DATA SUPPLIED:
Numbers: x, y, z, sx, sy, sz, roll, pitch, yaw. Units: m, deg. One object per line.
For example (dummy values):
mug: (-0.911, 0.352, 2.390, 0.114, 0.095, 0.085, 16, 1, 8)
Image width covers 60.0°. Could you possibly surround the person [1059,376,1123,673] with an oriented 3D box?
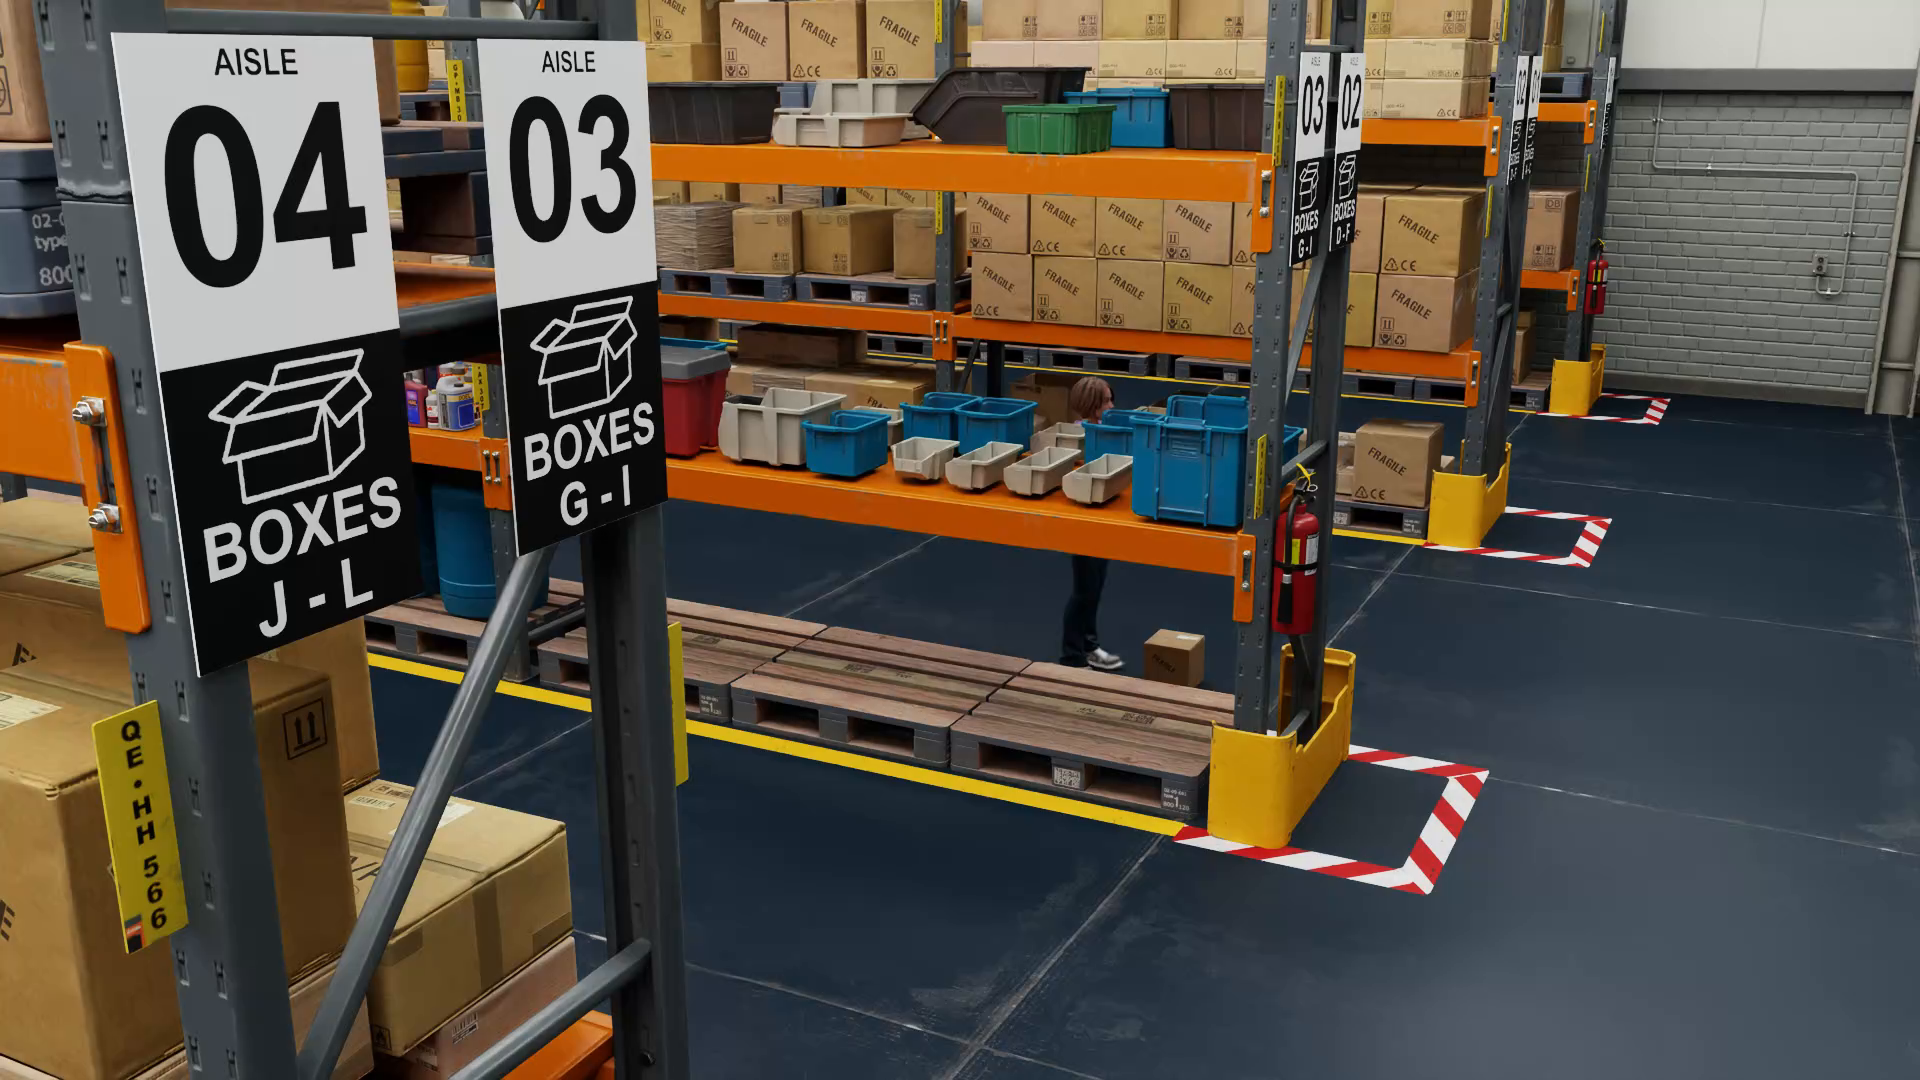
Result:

WHAT THE TASK ASKS: An exact repeat of all the data is required, pictures excluded.

YOUR RESPONSE:
Numbers: x, y, z, sx, sy, sz, roll, pitch, yaw. Units: m, deg. One object per line.
For example (dummy values):
mug: (-0.911, 0.352, 2.390, 0.114, 0.095, 0.085, 16, 1, 8)
Image width covers 60.0°. Could you possibly surround the person [1059,376,1123,673] with an oriented 3D box?
Result:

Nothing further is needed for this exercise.